Ice-T and the woman he loves, Nicole (Coco) Marrow, are freshly published authors. "Angel" is her first novel while "Kings of Ice" is his second book. Both thrillers were phoned in.
"What the publisher did was assign me someone who really knew me," says Coco, best known for putting her 'licious curves on display. "There were numerous phone conversations. I relayed it chapter by chapter. I just talked forever."
The rapper and star of "Law & Order: Special Victims Unit," informally known as Ice, explains the process further.
"You write your outline and you work back and forth with the ideas and stuff.
"Marish [Coco] said she could never write a book. I told her it was the same as with a record. You just get with the right producer."
Both give full credit to the writers on the cover of their books (Laura Hayden and Mal Radcliff, respectively), while Coco almost brims over while talking about her approach to the novel and her marriage, too. She's simply that enthusiastic.
"Mine came to me in a dream," she says. "I always have crazy dreams. I wake up and tell my husband these amazing stories, but sometimes I just don't want to wake up."
Angel of "Angel" is rescued from a plane crash in the Hudson River. She comes to in the hospital with no memory but gifted with the supernatural ability to channel men's desires. That ability to shape-shift into Carnality Inc. gives her the chops to solve a murder.
"When you can be that perfect woman for a man, you can get inside his head and solve anything," she claims from experience. "For Ice, I am that perfect woman. I've turned into what he wants."
(Ice, for his part, admits to only one hesitation regarding Coco. "Coco is like a nudist and she thinks everybody should be down with that. I don't want to see everybody nude. It's not necessarily a good sight.")
If real women have curves, Coco is really, really real, as anyone who watched the first season of their reality show, "Ice Loves Coco" on E!, knows.
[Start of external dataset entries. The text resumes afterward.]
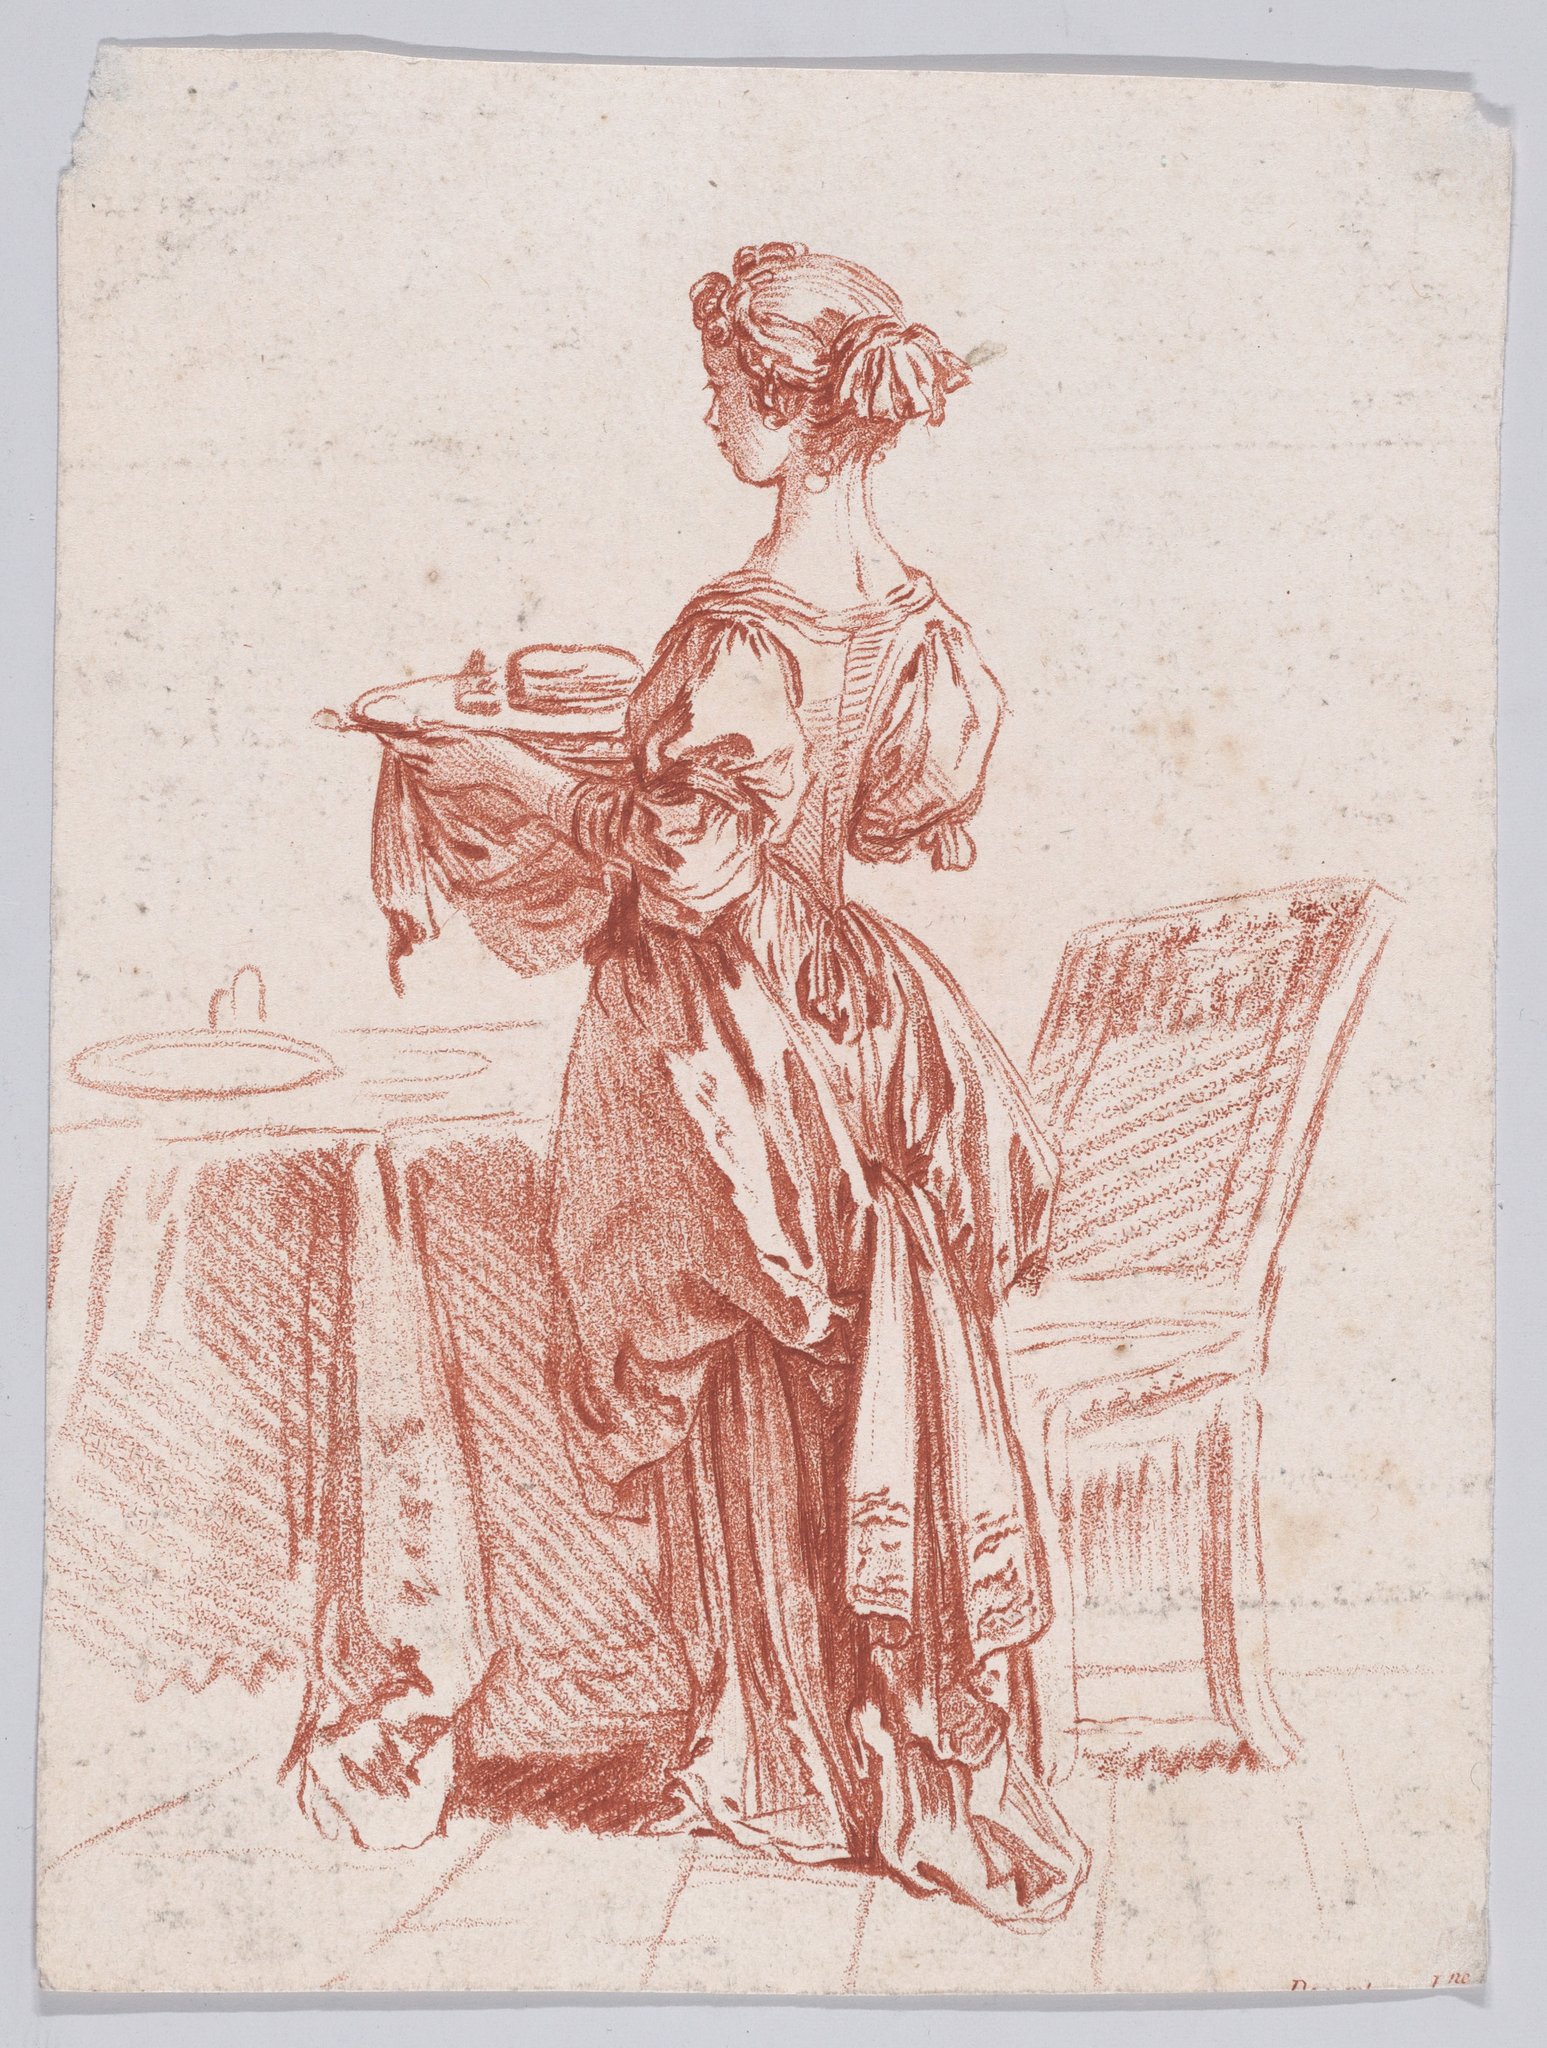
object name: print
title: Jeune femme
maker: gilles demarteau
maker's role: artist
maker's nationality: french
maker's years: 1722-1776
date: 1701-1800
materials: ink
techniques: printmaking, etching, printing
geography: france

The 32-year-old swimsuit model who formerly worked for Playboy didn't dress it up the way Camille Grammer did when she married a celebrity. In fact, Coco insists on taking it off. Thong Thursday, illustrated pictorally, is one of the more polite themes on her Cocosworld Twitter feed.
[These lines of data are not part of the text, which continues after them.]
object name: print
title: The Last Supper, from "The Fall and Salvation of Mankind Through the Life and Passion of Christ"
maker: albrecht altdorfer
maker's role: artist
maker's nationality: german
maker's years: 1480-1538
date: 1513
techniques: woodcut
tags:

"I wanted acceptance for who I am and that you don't have to be super-skinny to be pretty. These celebrities aren't just born that way. Anorexia is not pretty and that's what those girls are," she says adamantly. "I tell women, 'Show your curves, show your hips.' And they thank me for it."
So, speaking of Ice, how does he feel about the showing-your-curves thing?
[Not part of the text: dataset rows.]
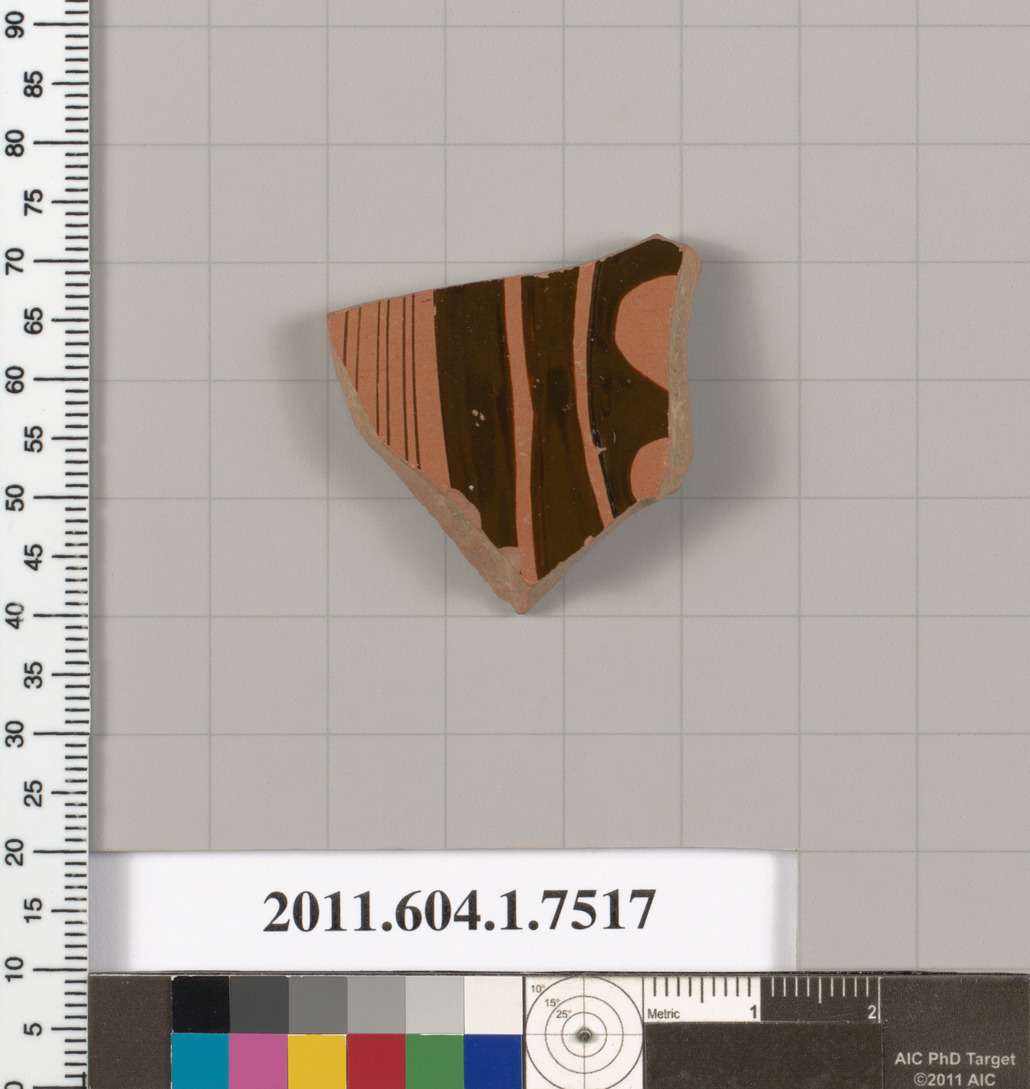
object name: kylix fragment
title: Terracotta fragment of a kylix (drinking cup)
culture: greek, attic
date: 460-450 BCE
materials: terracotta

"My man accepts it. He knows I like to work it. It's like having a Ferrari. Do you keep the cover on it? No. You want the cover off. You want to drive it."
Ice says he's a willing passenger.
"I think it's normal for someone who looks like her to want to show it," he says. "If you get a guy who goes to the gym and works out, you can't keep a shirt on that guy. I don't think anyone wants to be with someone, woman or man, no one wants to look at. That's part of being proud. Everyone wants that little bit of head-turning.
"She could make me jealous by making me feel insecure. But she keeps me feeling so secure. You've never seen a picture of Coco with any man but me."
Ice, who published "Ice: A Memoir of Gangster Life and Redemption" earlier this year, says the idea for "Kings of Vice" had been kicking around in his head for a long time. It came out of the 1979 cult movie "The Warriors," wherein the most powerful gang leader in New York is shot after staging an all-gang summit to call for unification.
In Ice's book, his man Crush does a 20-year stint after being betrayed by his second in a crime syndicate. Back on the street he has business to attend to but ultimately emerges as a criminal with a higher purpose.
"I wrote in a way that Crush's story can go on," he says. "I've already started on the second one."
On the subject of the makeover of "SVU," with Christopher Meloni gone after 272 episodes and two new actors, Danny Pino and Kelli Giddish, playing lead detectives, he's reassuring.
"They fall right in place," he says, adding that he could stay with the show as Det. Odafin (Fin) Tutuola for the rest of his acting life.
"I'm comfortable. Name 10 black actors making a million dollars a movie. Sure the grass is always greener, but
unless your name is Will Smith, it isn't that green."
Meanwhile, he and Coco spend most of the year in their northern New Jersey home while he shoots the series. She cleans ("I'm a bit OCD") while he hunkers down for hours with his Xbox.
"At least it keeps me in the house," he says.
"At least I know where he is," says she.